There are multiple approaches to split a dataset for
training and estimating the accuracy of the model. One of the common approaches
is to split the dataset into 3 sets, a training set, a validation set and a
test set. While the training set is used for training the model, the validation
set is used for choosing the best model from amongst many models. The test set
is finally used to estimate the model performance on unseen data.
Now, what if our split resulted in some important data
points being grouped in the validation and test set. Our model would miss those
important data points from being trained on and will result in a poorer model. To
alleviate this, we use cross validation. There are multiple flavors of cross
validation, viz., K-fold cross validation, Stratified cross validation and
Leave one out cross validation (LOOC).
K-Fold cross validation:
In this approach, the training and validation sets are
combined and then split into k smaller subsets. The model is then trained on
k-1 subsets and then validated on the remaining one subset. This process is
carried out k times, allowing all the model to get trained on all possible
combinations of datasets. The process is illustrated in the image above.
How do we estimate the performance of the model:
The model performance could be estimated as the average of
the k estimates.
Stratified cross validation:
Let us consider a scenario, where we are building a model to
predict whether a loan applicant will default or not. If our dataset contains
1000 datapoints and only 20 of them are defaulters. Thus, only 2% of our
dataset contains the defaulter applicants.

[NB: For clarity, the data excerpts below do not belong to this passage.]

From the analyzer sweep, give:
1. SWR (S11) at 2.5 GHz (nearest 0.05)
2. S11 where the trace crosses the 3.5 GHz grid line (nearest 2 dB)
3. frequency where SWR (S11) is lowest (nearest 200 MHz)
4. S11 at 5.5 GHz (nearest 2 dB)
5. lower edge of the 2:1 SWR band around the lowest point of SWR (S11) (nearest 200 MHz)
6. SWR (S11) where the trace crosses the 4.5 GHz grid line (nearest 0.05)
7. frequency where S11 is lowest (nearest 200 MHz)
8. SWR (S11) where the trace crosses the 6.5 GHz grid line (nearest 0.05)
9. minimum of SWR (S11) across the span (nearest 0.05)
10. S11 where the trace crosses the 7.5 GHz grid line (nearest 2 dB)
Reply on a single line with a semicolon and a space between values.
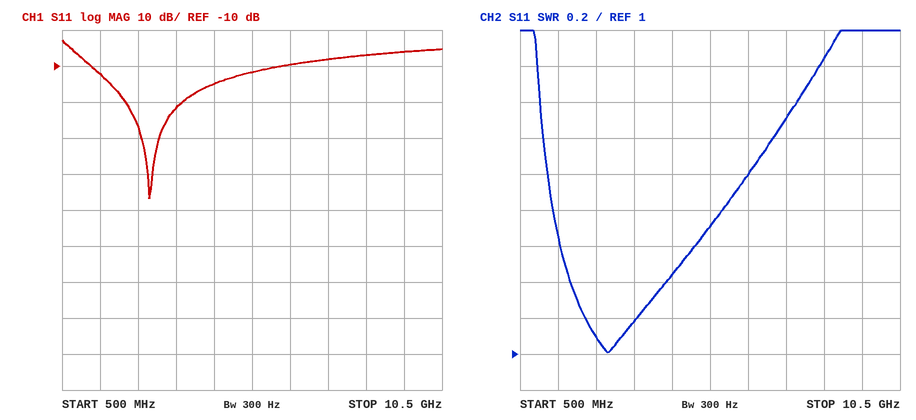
1.10; -22 dB; 2.8 GHz; -12 dB; 1.2 GHz; 1.45; 2.8 GHz; 2.00; 1.00; -8 dB
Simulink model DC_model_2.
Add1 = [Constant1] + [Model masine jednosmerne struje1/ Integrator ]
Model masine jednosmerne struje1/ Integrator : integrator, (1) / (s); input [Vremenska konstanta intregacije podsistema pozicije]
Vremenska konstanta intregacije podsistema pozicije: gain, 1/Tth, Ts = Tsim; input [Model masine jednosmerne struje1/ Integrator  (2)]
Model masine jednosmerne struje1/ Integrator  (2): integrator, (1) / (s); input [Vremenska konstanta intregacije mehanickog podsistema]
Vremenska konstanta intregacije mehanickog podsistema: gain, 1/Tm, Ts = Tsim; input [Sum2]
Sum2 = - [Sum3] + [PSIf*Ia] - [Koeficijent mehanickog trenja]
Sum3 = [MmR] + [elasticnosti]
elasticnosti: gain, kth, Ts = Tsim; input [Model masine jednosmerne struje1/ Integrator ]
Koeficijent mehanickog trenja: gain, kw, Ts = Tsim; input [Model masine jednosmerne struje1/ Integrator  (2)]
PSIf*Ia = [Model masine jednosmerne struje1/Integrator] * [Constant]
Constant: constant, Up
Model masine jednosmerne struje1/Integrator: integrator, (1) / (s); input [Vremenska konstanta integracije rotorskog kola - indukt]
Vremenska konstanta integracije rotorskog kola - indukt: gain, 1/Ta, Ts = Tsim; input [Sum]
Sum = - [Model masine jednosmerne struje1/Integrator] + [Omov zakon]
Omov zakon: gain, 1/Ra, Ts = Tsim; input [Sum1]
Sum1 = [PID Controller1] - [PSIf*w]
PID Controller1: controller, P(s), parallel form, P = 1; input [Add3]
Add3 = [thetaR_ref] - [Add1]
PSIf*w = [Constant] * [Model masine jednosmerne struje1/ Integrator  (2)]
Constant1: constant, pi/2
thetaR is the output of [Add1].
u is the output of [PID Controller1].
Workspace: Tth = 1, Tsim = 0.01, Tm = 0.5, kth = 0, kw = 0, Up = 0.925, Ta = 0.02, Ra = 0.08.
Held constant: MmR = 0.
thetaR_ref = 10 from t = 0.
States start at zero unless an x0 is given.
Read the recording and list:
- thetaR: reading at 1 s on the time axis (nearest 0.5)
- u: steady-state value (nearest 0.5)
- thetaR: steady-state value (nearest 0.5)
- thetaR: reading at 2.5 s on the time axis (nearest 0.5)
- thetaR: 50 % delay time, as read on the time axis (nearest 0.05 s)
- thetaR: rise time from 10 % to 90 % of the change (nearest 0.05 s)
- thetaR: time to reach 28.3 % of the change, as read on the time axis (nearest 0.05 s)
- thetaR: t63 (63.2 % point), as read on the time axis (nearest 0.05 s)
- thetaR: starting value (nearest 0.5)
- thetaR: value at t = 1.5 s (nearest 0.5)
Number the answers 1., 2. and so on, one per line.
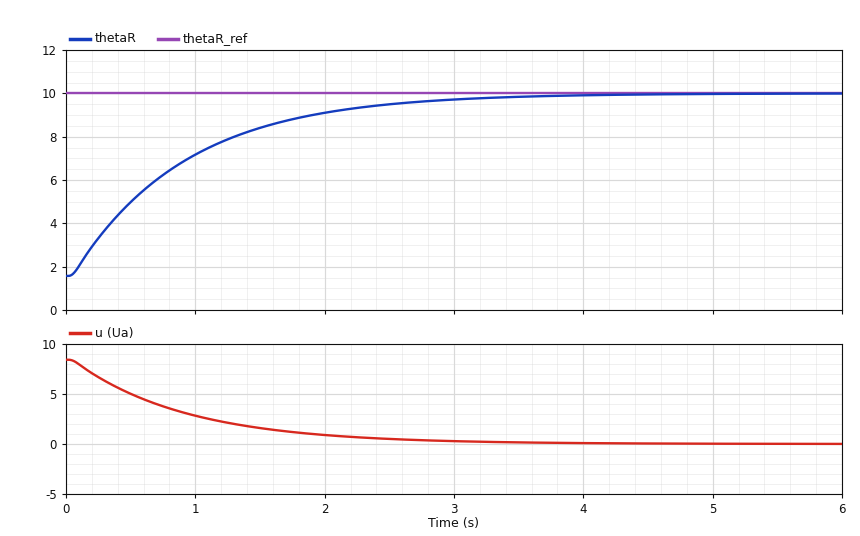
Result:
1. 7.0
2. 0.0
3. 10.0
4. 9.5
5. 0.65 s
6. 1.90 s
7. 0.35 s
8. 0.90 s
9. 1.5
10. 8.5
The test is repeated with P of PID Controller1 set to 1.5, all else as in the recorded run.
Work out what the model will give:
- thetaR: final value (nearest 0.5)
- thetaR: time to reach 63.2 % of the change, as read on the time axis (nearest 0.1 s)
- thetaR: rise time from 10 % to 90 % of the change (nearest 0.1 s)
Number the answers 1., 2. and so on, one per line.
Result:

When we split our data into
training, validation, test (or cross validation), there is no guarantee that
our training set will contain these datapoints.
To resolve this, we can split in such a way that each
dataset gets an equal proportion of these classes. Stratified cross validation
does exactly this and provides us a proportional training data to work with.
Leave one out cross validation:
In this approach, if there are N datapoints available for
training and validation combined, n-1 datapoints are used for training and one
datapoint is used for validation. This is repeated N times, allowing all
This approach is a very compute intensive approach, since if
we have 1000 datapoints, the training will happen 1000 times. This is generally
used only we don’t have enough data to work with.